Become the Coupon Queen. You've always wanted to be a Queen, right? I learned how to get great deals by finding out when markdowns happen, when items go on clearance, and maximizing every penny. Likewise, it's time to adjust spending. Get a free budgeting app (e.g., Mint, Goodbudget, Every Dollar) to help you. Other ideas to help:
- Downsize or eliminate cable. My kids loved PBS just as much as Mickey Mouse. With some creative "Mickey is taking a night night" excuses, they forgot all about their more pricey shows.
- Hair don't. If you're like me, getting your hair done is a big expense. Although I felt like it was cheating, I talked to my stylist and got tips on do-it-yourself color, which saved me a bundle until we were back on our feet.
- Work on a smaller grocery bill. There are many apps/websites for money saving (e.g., Target Cartwheel, Ibotta, Retailmenot, Hip2Save, TheKrazyCouponLady.) I bought what I could in bulk when it was on sale. And I learned where the discount aisles were in all major stores (truth be told, I STILL do all of these and it is oddly fun).
- Check out school options. You LOVE your child's school. We did, too...but the kids' private school was a big expense for us. Although some private schools have options for assistance, the uncertainty of how long the job loss might last prompted us to rule out that altogether. We switched to homeschooling, which has worked fabulously for our family. Public school is also a great alternative.
- Limit dining out to "Kids Eat Free" places. This can save you a ton, trust me. If one of you is still working outside the home, packing lunch is a big money saver.
- Find the local free activities - we loved the free Memphis Zoo (Tues afternoon, TN residents), Lichterman Nature Center (Tues 1 til closing), parks, and kid friendly activities in town. Another fun option is to connect with other moms in the area via our local community groups.

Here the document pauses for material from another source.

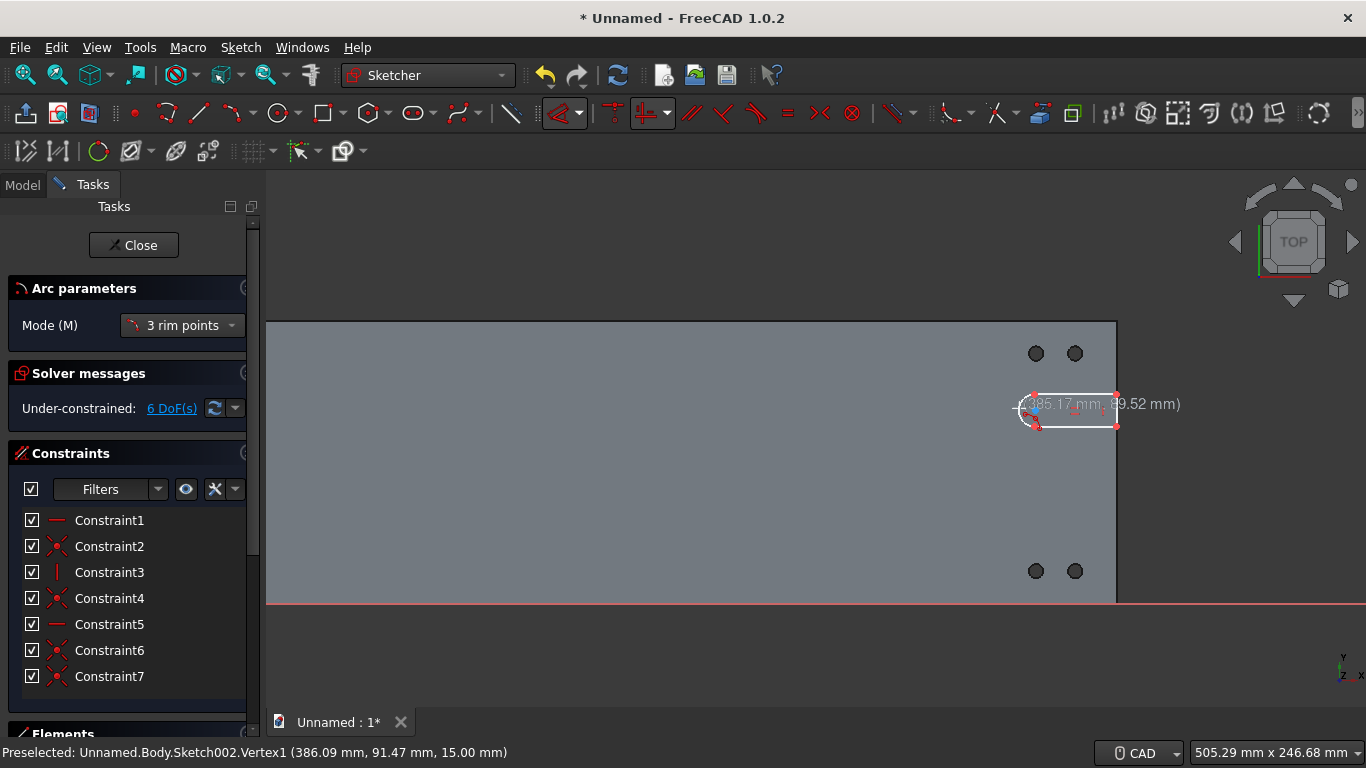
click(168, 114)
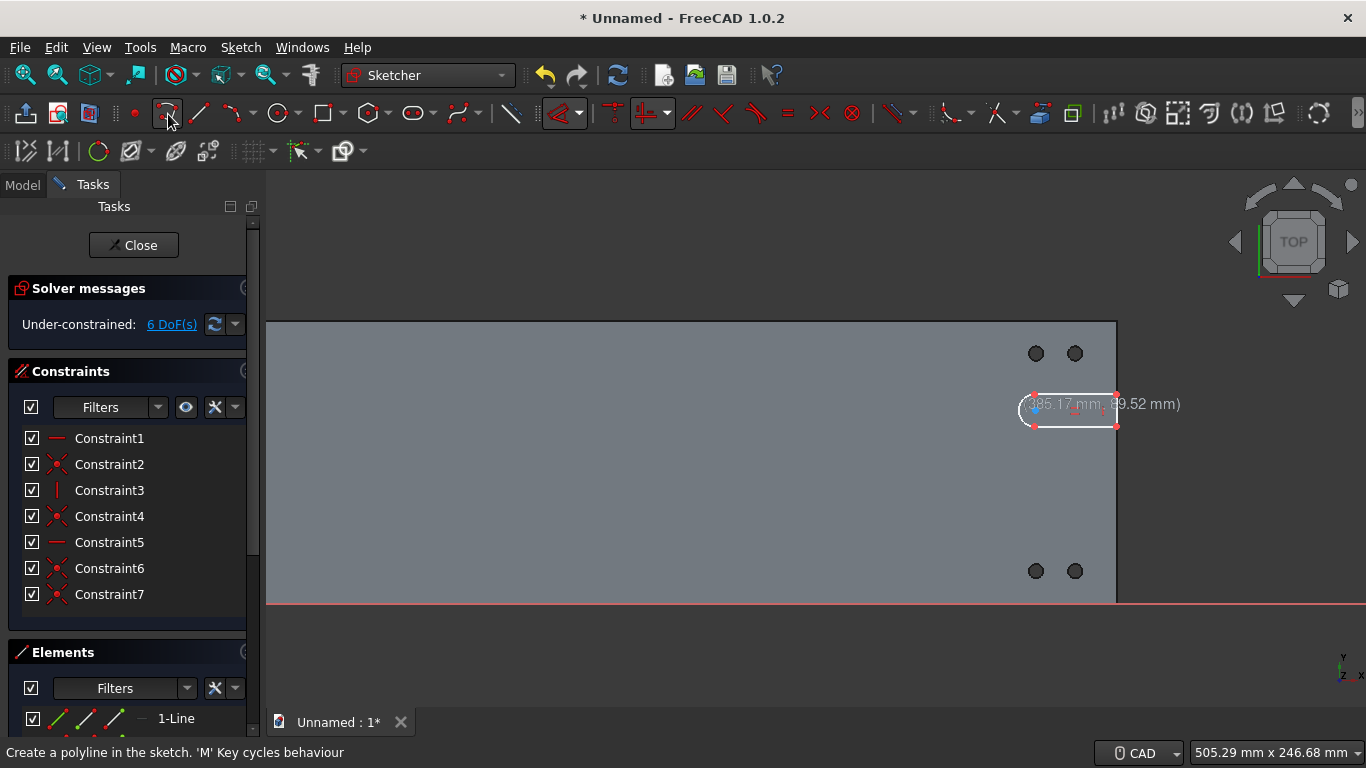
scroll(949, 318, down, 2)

Seize every opportunity for the job seeker. Check out the Career Centers for your alma maters; you might qualify to use them as an alum. Find professional groups for your career fields (or where you aim to find employment) and join. Better yet, start attending meetings to network. Focus on personal branding to refine your online presence. Most of all, keep your eyes open for both short and long term opportunities - the job my husband took "until he could find another one" turned into the real deal. He's still there and loves it.
Put yourself in your spouse's shoes. He might not experience the stress in the same way that you do, particularly if he is the sole breadwinner. It's not abnormal for him to experience anxiety or depression during this time. He might feel like he let his family down. He might sleep much more (or much less) - either of which can be hard on you. His eating habits might shift. Your relationship might change. Lean in, even though it might be tough.
You both might look back on it as one of the best things that happened to you.